- YOUR ASSIGNMENT
Nothing outside the range is to be copied. From the entries below, reproduce exactly the lines starting at the one with "How many bears are pictured?" and ending at the one with "There's text embedded", without pictures.

- GIVEN DATA
══════

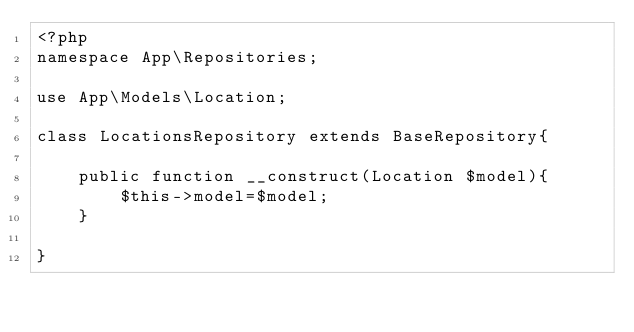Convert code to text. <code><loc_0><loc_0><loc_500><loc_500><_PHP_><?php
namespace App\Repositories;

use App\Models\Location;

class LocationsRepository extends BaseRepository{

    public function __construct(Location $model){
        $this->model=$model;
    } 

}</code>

══════

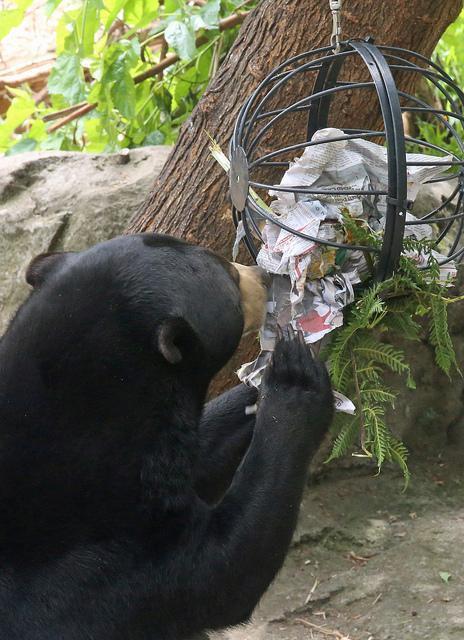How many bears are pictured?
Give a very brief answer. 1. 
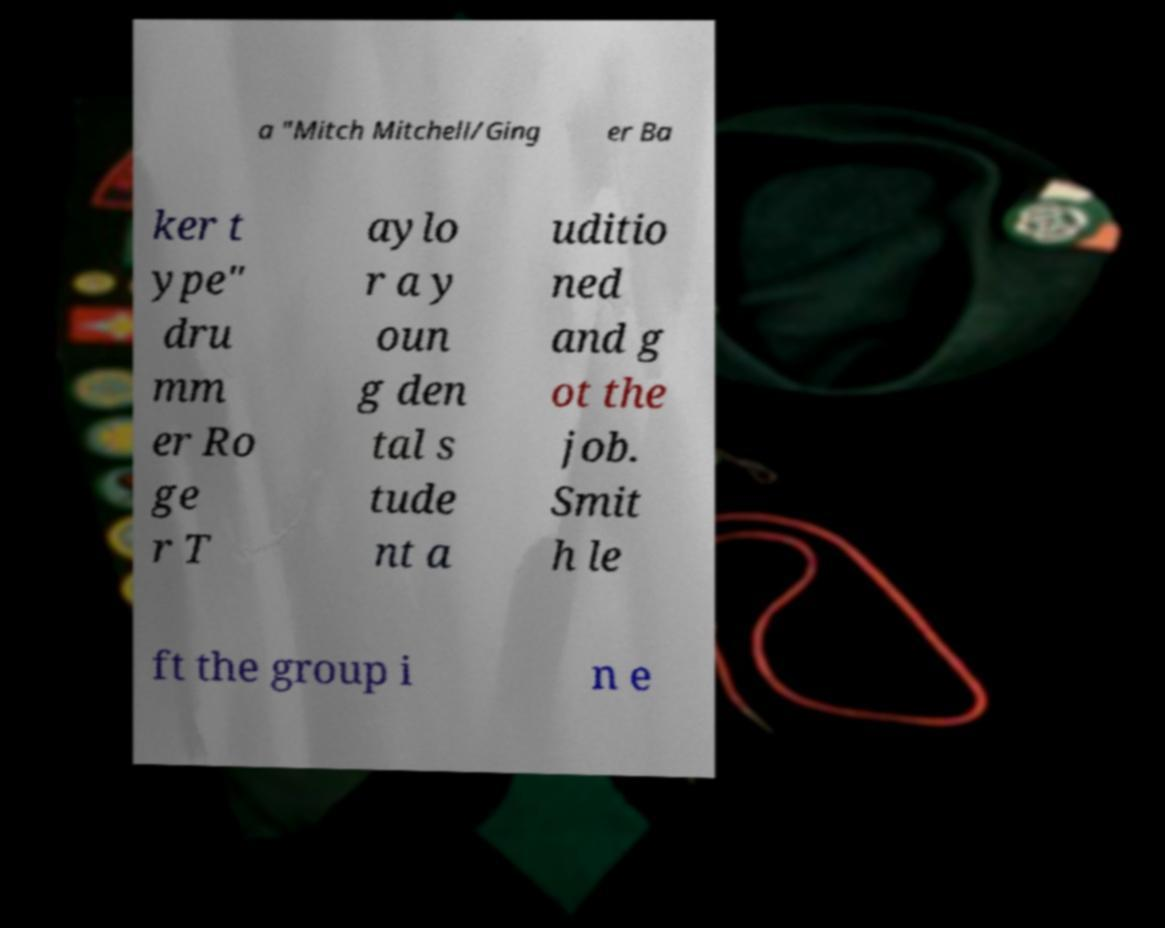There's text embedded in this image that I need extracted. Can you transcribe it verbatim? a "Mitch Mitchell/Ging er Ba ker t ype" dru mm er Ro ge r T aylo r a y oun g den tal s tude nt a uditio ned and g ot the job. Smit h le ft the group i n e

══════

- EXERCISE RESULT
How many bears are pictured?
Give a very brief answer. 1. 
There's text embedded in this image that I need extracted. Can you transcribe it verbatim? a "Mitch Mitchell/Ging er Ba ker t ype" dru mm er Ro ge r T aylo r a y oun g den tal s tude nt a uditio ned and g ot the job. Smit h le ft the group i n e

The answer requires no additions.